Evangile du jour

Publié le par CCIT

Evangile de Jésus-Christ selon saint Jean (2,1-11).

Il y avait un mariage à Cana en Galilée. La mère de Jésus était là.
Jésus aussi avait été invité au repas de noces avec ses disciples.
Or, on manqua de vin ; la mère de Jésus lui dit : « Ils n'ont pas de vin. »
Jésus lui répond : « Femme, que me veux-tu ? Mon heure n'est pas encore venue. »
Sa mère dit aux serviteurs : « Faites tout ce qu'il vous dira. »
Or, il y avait là six cuves de pierre pour les ablutions rituelles des Juifs ; chacune contenait environ cent litres.
Jésus dit aux serviteurs : « Remplissez d'eau les cuves. » Et ils les remplirent jusqu'au bord.
Il leur dit : « Maintenant, puisez, et portez-en au maître du repas. » Ils lui en portèrent.
Le maître du repas goûta l'eau changée en vin. Il ne savait pas d'où venait ce vin, mais les serviteurs le savaient, eux qui avaient puisé l'eau.
Alors le maître du repas interpelle le marié et lui dit : « Tout le monde sert le bon vin en premier, et, lorsque les gens ont bien bu, on apporte le moins bon. Mais toi, tu as gardé le bon vin jusqu'à maintenant. »
Tel fut le commencement des signes que Jésus accomplit. C'était à Cana en Galilée. Il manifesta sa gloire, et ses disciples crurent en lui.



Commentaire de Saint Romanos le Mélode (?-v. 560), compositeur d'hymnes

http://img22.xooimage.com/files/1/6/3/romanos-le-m-lode-fa448c.jpg      Alors que le Christ assistait aux noces et que la foule des convives se régalait, le vin leur manqua, et leur joie se changea en chagrin... Voyant cela, la très pure Marie vint aussitôt dire à son fils : « Ils n'ont plus de vin ; alors, je t'en prie, mon enfant, montre que tu peux tout, toi qui as tout créé avec sagesse. »

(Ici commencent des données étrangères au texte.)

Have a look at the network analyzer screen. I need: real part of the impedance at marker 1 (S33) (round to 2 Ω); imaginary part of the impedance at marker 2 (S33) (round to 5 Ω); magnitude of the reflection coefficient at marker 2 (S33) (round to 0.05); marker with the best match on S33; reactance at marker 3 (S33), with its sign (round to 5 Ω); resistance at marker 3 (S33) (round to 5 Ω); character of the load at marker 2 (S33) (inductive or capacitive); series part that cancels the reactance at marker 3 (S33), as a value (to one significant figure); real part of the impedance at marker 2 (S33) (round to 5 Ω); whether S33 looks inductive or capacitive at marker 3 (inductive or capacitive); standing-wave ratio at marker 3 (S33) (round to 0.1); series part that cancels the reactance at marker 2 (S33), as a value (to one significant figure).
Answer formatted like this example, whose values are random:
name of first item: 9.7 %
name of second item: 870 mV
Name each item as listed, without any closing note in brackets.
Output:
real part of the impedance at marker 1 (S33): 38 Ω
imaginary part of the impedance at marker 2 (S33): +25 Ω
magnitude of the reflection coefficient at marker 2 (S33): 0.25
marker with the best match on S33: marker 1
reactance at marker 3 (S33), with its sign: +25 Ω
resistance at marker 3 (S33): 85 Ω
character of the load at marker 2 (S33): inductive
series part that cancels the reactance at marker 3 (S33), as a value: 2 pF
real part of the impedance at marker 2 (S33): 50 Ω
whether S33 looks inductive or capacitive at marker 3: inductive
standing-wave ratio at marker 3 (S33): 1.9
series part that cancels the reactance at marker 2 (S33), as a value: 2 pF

      S'il te plaît, Vierge vénérable, d'après quels miracles de lui as-tu su que ton fils, sans avoir vendangé de raisin, pouvait accorder le vin, alors qu'il n'avait pas encore fait de miracles auparavant ? Apprends-nous...comment tu as dit à ton fils : « Donne-leur du vin, toi qui as tout créé avec sagesse. »

      « J'ai vu moi-même Elisabeth m'appeler Mère de Dieu avant l'enfantement ; après l'enfantement Syméon m'a chantée, Anne m'a célébrée ; les mages sont accourus de la Perse à la crèche, car une étoile annonçait d'avance cet enfantement ; les bergers avec les anges se faisaient hérauts de la joie, et la création se réjouissait avec eux. Que pourrais-je aller chercher de plus grand que ces miracles, pour croire sur leur foi que mon fils est celui qui a tout créé avec sagesse ? »...

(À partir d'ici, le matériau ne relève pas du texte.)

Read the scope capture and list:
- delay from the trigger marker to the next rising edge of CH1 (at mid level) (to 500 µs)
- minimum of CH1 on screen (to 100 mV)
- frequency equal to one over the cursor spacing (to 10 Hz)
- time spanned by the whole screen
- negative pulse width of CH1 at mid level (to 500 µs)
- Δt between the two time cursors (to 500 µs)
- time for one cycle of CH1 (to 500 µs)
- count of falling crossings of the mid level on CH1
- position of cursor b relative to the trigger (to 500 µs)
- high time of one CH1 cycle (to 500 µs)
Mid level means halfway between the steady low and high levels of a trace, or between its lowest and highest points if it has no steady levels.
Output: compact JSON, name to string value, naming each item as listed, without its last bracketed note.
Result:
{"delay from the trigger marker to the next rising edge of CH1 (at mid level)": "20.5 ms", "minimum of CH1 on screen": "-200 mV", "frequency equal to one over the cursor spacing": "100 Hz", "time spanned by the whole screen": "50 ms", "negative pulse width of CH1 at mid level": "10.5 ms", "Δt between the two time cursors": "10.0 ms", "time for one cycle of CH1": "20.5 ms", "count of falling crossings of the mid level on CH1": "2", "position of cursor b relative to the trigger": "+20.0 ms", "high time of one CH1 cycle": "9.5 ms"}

      Quand le Christ changea manifestement l'eau en vin par sa puissance, toute la foule se réjouit, trouvant admirable le goût de ce vin. Aujourd'hui, c'est au banquet de l'Eglise que nous nous asseyons tous, car le vin est changé en sang du Christ, et nous le buvons tous avec une allégresse sainte, glorifiant le grand Epoux. Car l'Epoux véritable, c'est le fils de Marie, le Verbe qui est de toute éternité, qui a pris la forme d'un esclave, et qui a tout créé avec sagesse.

      Très-Haut, saint, sauveur de tous, garde sans altération le vin qui est en nous puisque tu présides à tout. Chasse en nous toute perversité, toutes les pensées mauvaises qui mouillent ton vin très saint... Par les prières de la sainte Vierge Mère de Dieu, délivre-nous, de l'angoisse des péchés qui nous oppressent, Dieu miséricordieux, toi qui as tout créé avec sagesse.